The scandal led to bitter divisions in Fianna Fáil between supporters of the sacked ministers Haughey and Blaney and supporters of Lynch. The same divisions affected government policy on Northern Ireland. Although the events led to Haughey being demoted to the back-benches, he remained a member of Fianna Fáil, while Boland was expelled in 1970 and Blaney in 1971. Blaney went on to found his own party, Independent Fianna Fáil, which re-joined Fianna Fáil in 2006, eleven years after Blaney's death. Haughey later returned to ministerial office and succeeded Lynch as party leader in 1979. There was no rapprochement in the relationship between Gibbons and Haughey and when Haughey became Taoiseach, Gibbons was dropped from his ministerial office. During a later leadership contest, Gibbons was assaulted in Dáil Éireann by Haughey supporters in retaliation for his testimony at the Arms Trial.

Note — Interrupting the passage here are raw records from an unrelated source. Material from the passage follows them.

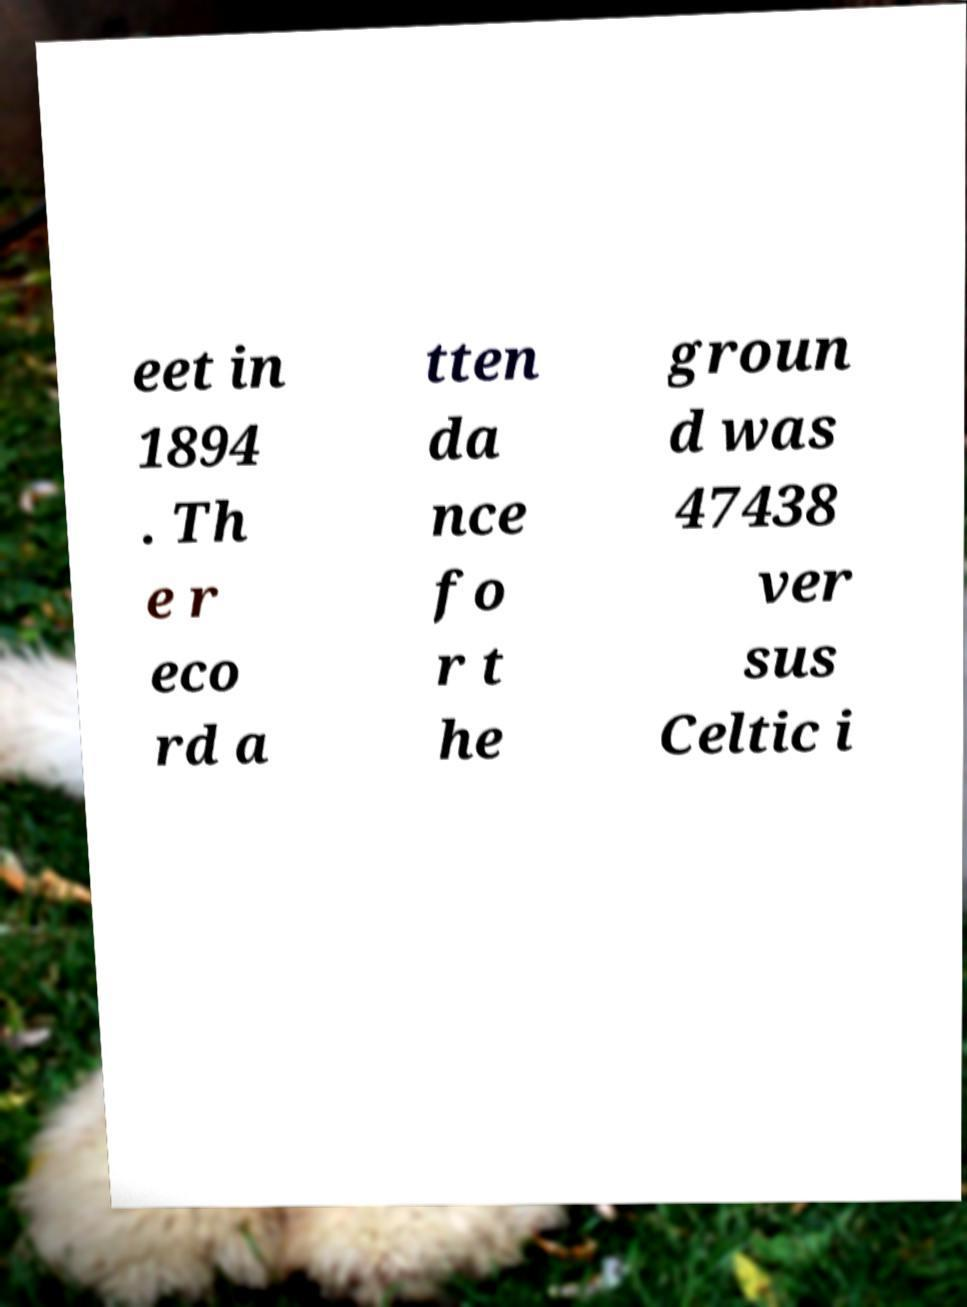There's text embedded in this image that I need extracted. Can you transcribe it verbatim? eet in 1894 . Th e r eco rd a tten da nce fo r t he groun d was 47438 ver sus Celtic i 
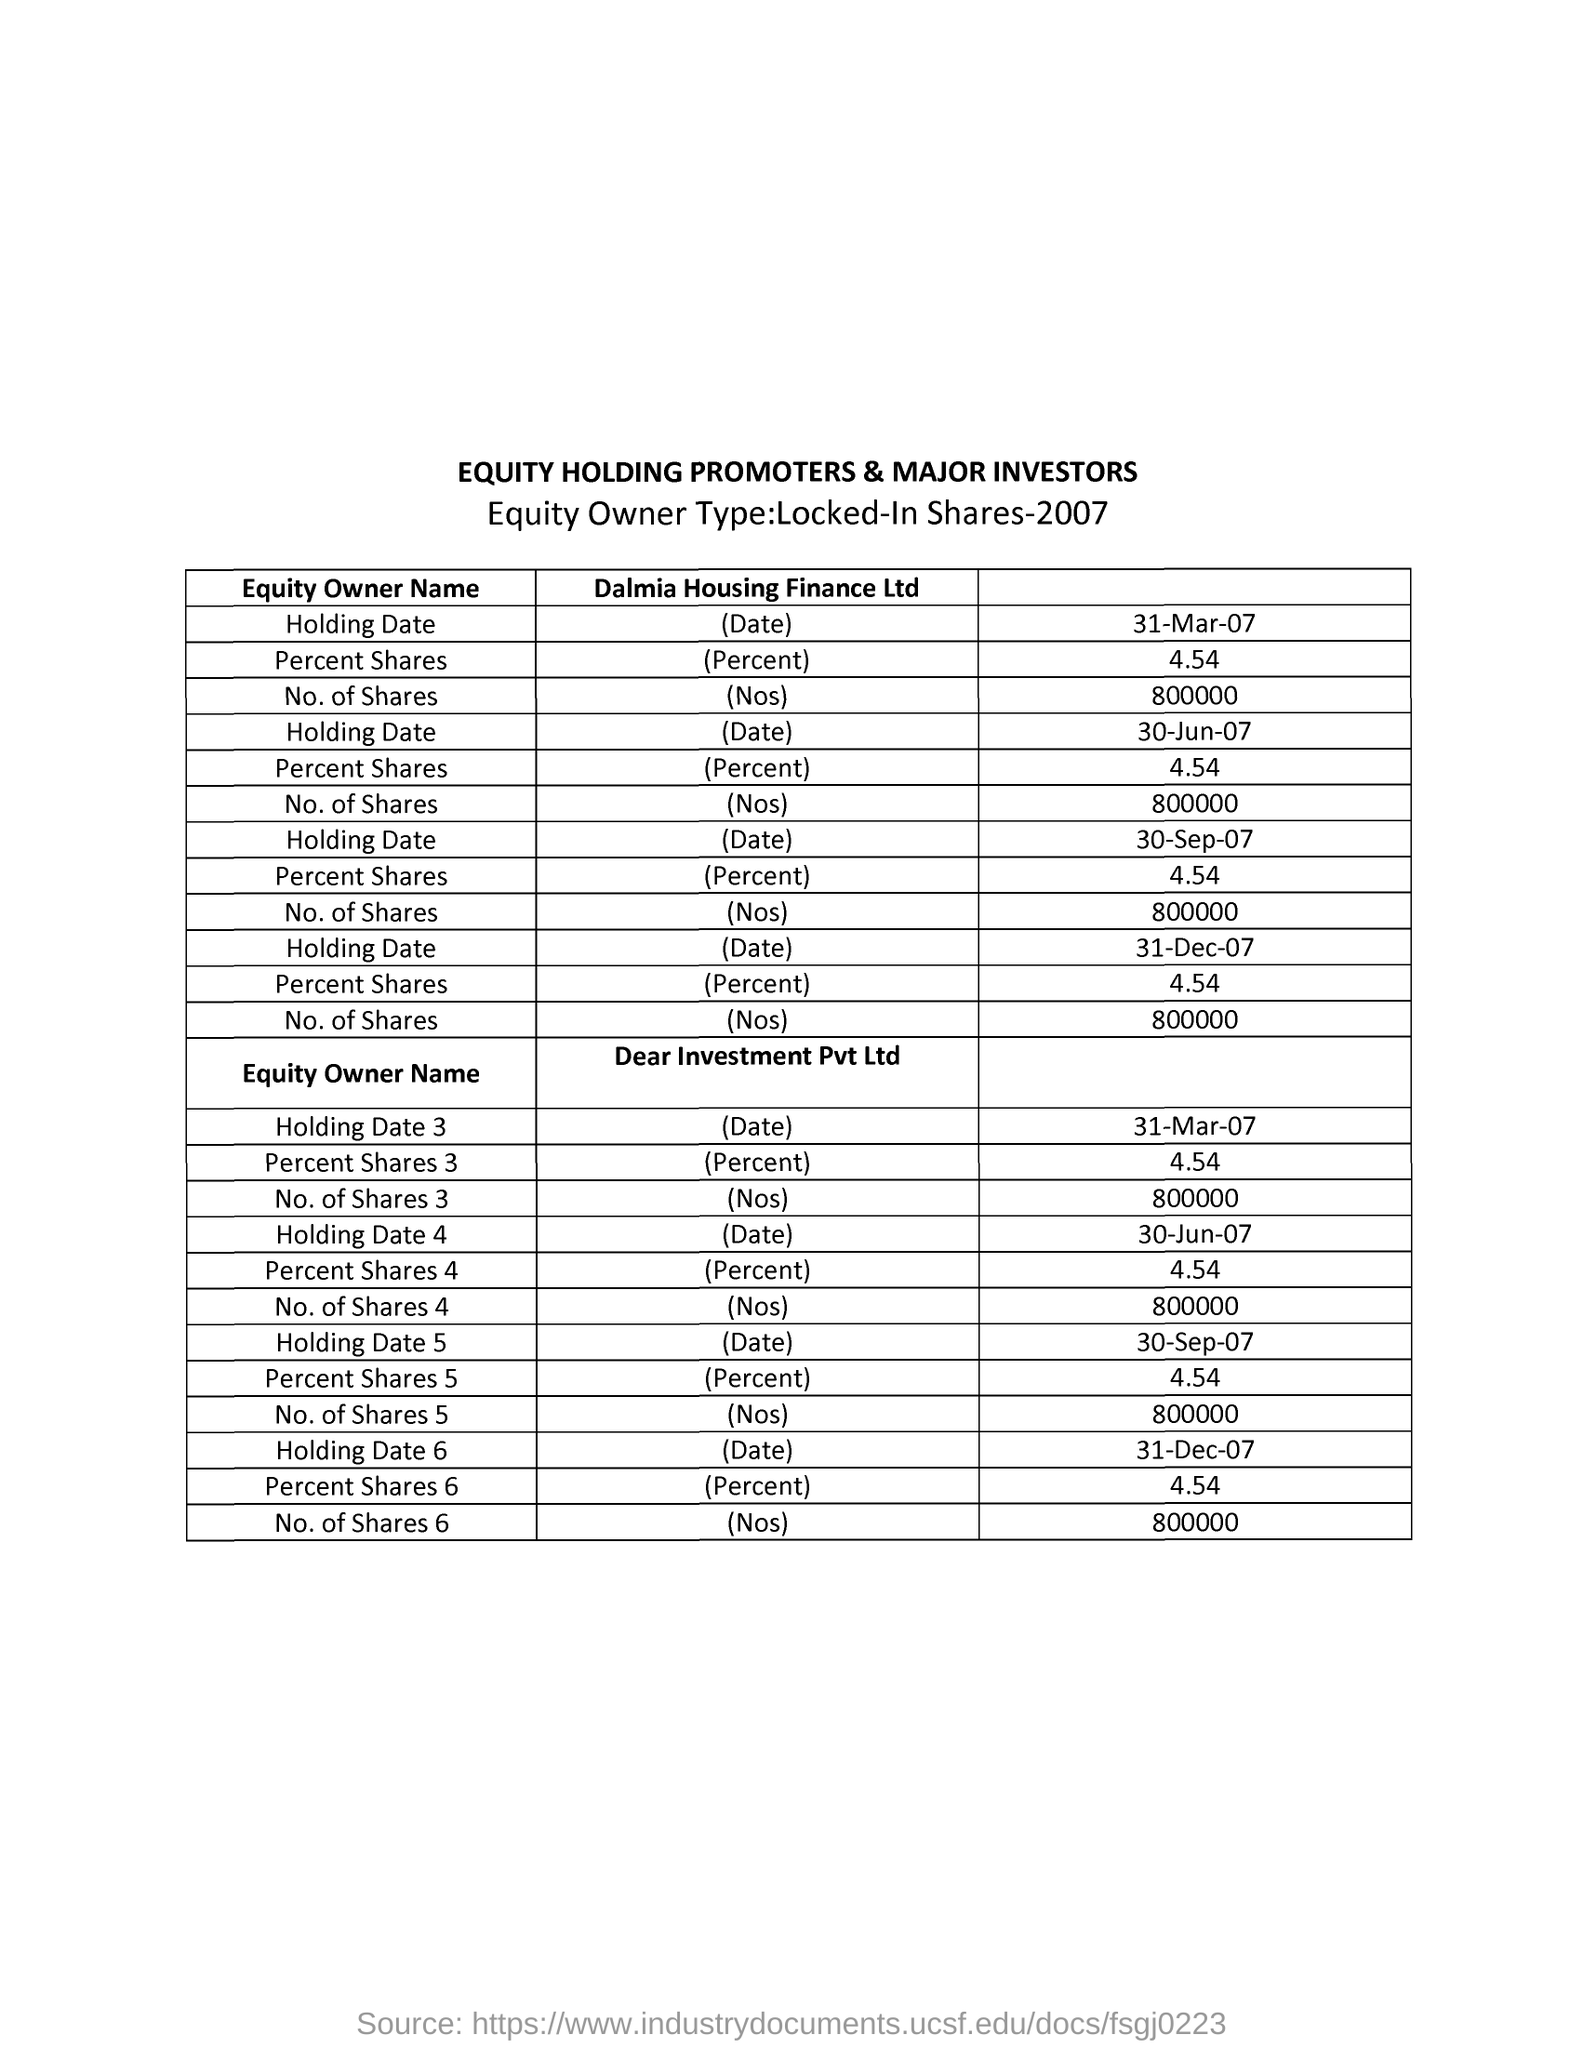What is the heading  given to the first column  of the table?
Offer a terse response. Equity Owner Name. Mention the heading given to the table in capital letters?
Make the answer very short. EQUITY HOLDING PROMOTERS & MAJOR INVESTORS. What is the "Equity Owner Type:" mentioned?
Your answer should be very brief. Locked-In Shares-2007. "Locked-In Shares" details  of which year is given in the table?
Your answer should be very brief. 2007. What is the heading given to the second column of the first table?
Give a very brief answer. Dalmia Housing Finance Ltd. What is the first field entered under "Equity Owner Name" of Dalmia Housing Finance Ltd in the table?
Your answer should be very brief. Holding Date. What is the first field entered under "Equity Owner Name" of Dear Investment Pvt Ltd in the table?
Your answer should be compact. Holding Date 3. What is the value of "Percent Shares" given to all Equity owners?
Your answer should be compact. 4.54. What is the  number of Shares of all Equity owners?
Keep it short and to the point. 800000.

The events came to be one of the defining periods of Lynch's term as leader, during which there were several crises. Lynch supporters saw him as exhibiting strength in facing down the rebel ministers and his detractors saw it as an illustration of his weakness on the national question and procrastination in the face of difficult decisions.

As state papers relating to the period were released after 1995, further light was shed on the events, questioning the outcome. Much remains unknown about the truthfulness of the various personalities involved, and what exactly each knew, and when they came to know it. The diaries of Peter Berry, Secretary of the Department of Justice, published in Magill magazine, claimed that Lynch had not been forthright publicly. Documents released through the Freedom of Information Act 30 years later showed that the state had altered statements by Colonel Hefferon to suppress the fact that he and Captain Kelly had kept Gibbons informed. This caused the then Taoiseach, Bertie Ahern, to publicly state that Captain Kelly had done nothing wrong.